Combustion Experiments -- Although the combustion process plays a key role in our lives and has been researched for more than a century, many of the fundamental combustion processes are still little understood. Two MSL-1 combustion experiments, Laminar Soot Processes (LSP) and the Structure of Flame Balls at Low-Lewis Number (SOFBALL), will be conducted in the Combustion Module-1 (CM-1). This unit requires two Spacelab racks and houses a combustion chamber and seven cameras, as well as the experiment package. The Droplet Combustion Experiment is designed to provide information that could lead to the safer and more efficient use of fossil fuels.

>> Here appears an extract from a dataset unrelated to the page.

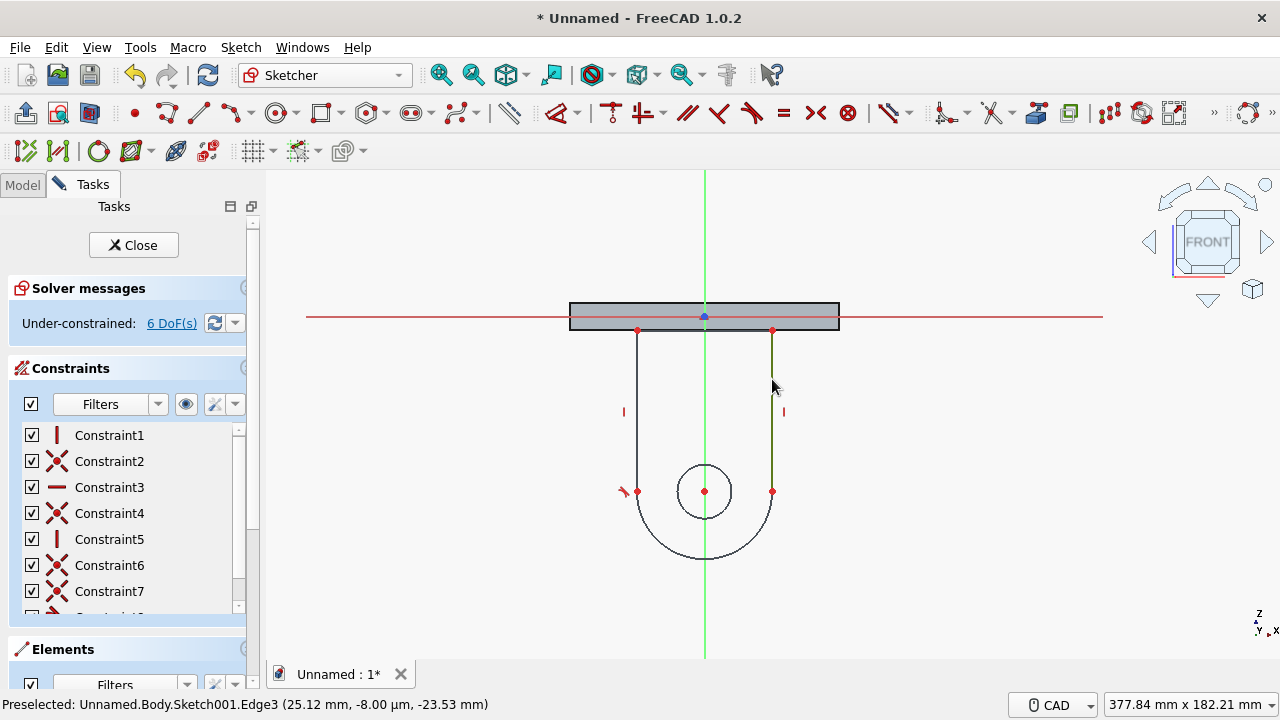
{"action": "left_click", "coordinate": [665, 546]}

Materials Science -- During the MSL-1 mission, 19 materials science experiments will be conducted in four facilities aboard the Spacelab module. The experiments will investigate the materials in solid and fluid form, since materials often change from solids to fluids and back again during manufacturing processes. Five experiments will be conducted in the Large Isothermal Furnace (LIF) that can heat metal samples to 1,600 degrees Celsius to study the physics of materials processing. The Electromagnetic Containerless Processing Facility will use electromagnetic levitation for the containerless processing of metallic samples in ten experiments (TEMPUS). The Middeck Glovebox Facility supports five experiments to research physical theories of materials processing, including the Coarsening in Solid-Liquid Mixtures (CSLM) Facility furnace.

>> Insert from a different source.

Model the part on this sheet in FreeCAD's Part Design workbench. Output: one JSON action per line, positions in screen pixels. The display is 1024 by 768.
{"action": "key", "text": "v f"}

The High-Packed Digital Television (HI-PAC DTV) hardware will be flying on the MSL-1 mission to provide scientists in the Mission Operations Control Center at NASA’s Marshall Space Flight Center with real-time video of experiments as they are conducted in the Spacelab module. Other MSL-1 experiments include four to measure microgravity, the Cryogenic Flexible Diode (CRYOFD) Hitchhiker experiment mounted on the right-hand side of Columbia’s payload bay and the Shuttle Amateur Radio Experiment-II (SAREX-II).

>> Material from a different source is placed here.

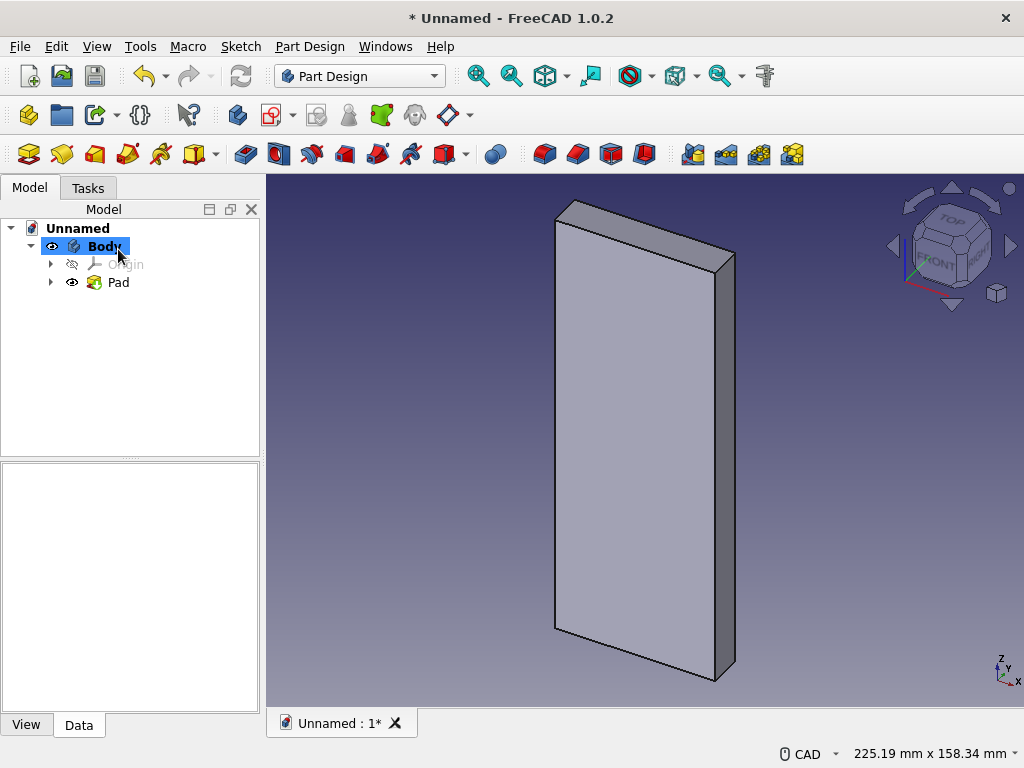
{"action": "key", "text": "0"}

Columbia was moved to Orbiter Processing Facility 1 after landing at KSC following the STS-83 mission. Preparations soon began for the reflight of the orbiter and MSL-1 payload. Both fuels cell No. 1 and No. 2 were removed and replaced. The Spacelab module remained in the orbiter's payload bay during the reservicing process for STS-94, although the Spacelab tunnel was removed to provide better access to the MSL-1. This was the first time that a primary payload was reserviced in this manner, paving the way for possible quick turnaround processing for future flights. After final checkout, Columbia was scheduled to be rolled out to Launch Pad 39A on June 11th.